Instructions for the task => Among the entries below, find the lines with the word "Units" and copy them.

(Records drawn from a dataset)
<<<<
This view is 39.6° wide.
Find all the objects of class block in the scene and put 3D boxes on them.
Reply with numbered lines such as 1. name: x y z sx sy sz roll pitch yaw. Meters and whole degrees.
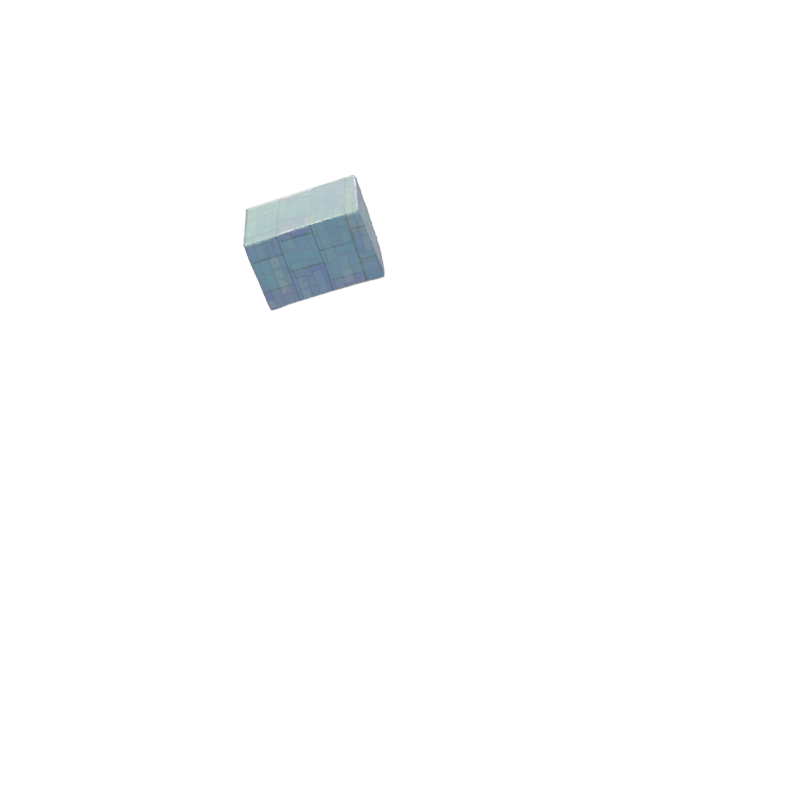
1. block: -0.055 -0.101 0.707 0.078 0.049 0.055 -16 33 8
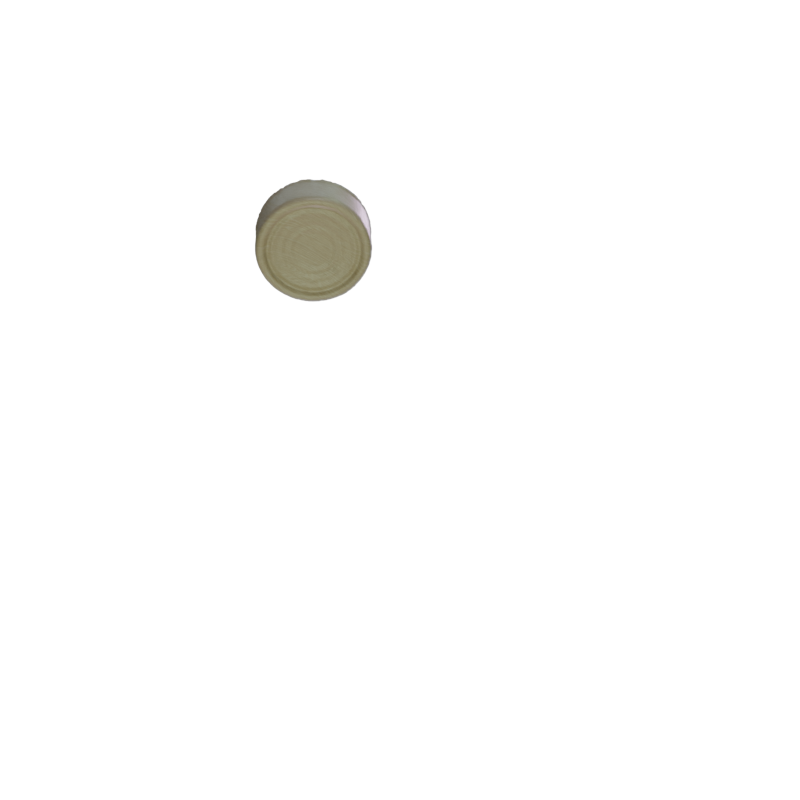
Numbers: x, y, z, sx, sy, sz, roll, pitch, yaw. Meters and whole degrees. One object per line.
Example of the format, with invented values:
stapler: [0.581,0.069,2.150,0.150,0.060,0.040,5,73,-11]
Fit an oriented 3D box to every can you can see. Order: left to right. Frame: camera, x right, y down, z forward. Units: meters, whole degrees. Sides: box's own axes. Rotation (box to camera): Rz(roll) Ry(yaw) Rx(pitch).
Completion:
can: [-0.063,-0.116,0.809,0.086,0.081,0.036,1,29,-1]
>>>>
<<<<
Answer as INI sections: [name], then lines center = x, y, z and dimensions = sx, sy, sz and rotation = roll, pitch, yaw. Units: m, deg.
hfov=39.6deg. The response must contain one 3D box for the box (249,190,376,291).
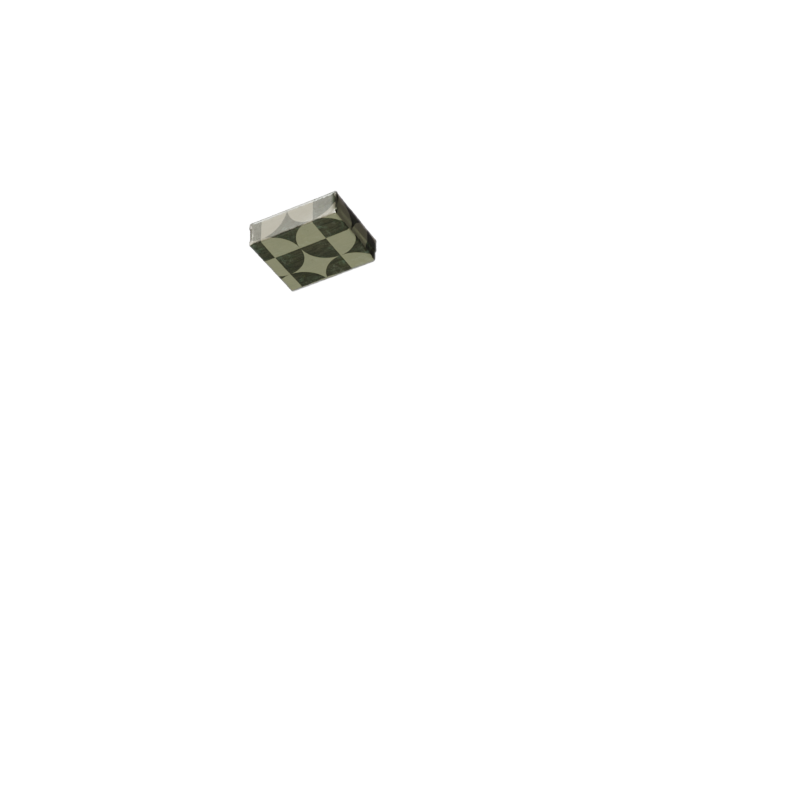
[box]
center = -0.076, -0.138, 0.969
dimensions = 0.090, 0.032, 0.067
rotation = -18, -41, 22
>>>>
Response area =>
Fit an oriented 3D box to every can you can see. Order: left to right. Frame: camera, x right, y down, z forward. Units: meters, whole degrees. Sides: box's own axes. Rotation (box to camera): Rz(roll) Ry(yaw) Rx(pitch).
Answer as INI sections: [name], then lines center = x, y, z and dimensions = sx, sy, sz and rotation = roll, pitch, yaw. Units: m, deg.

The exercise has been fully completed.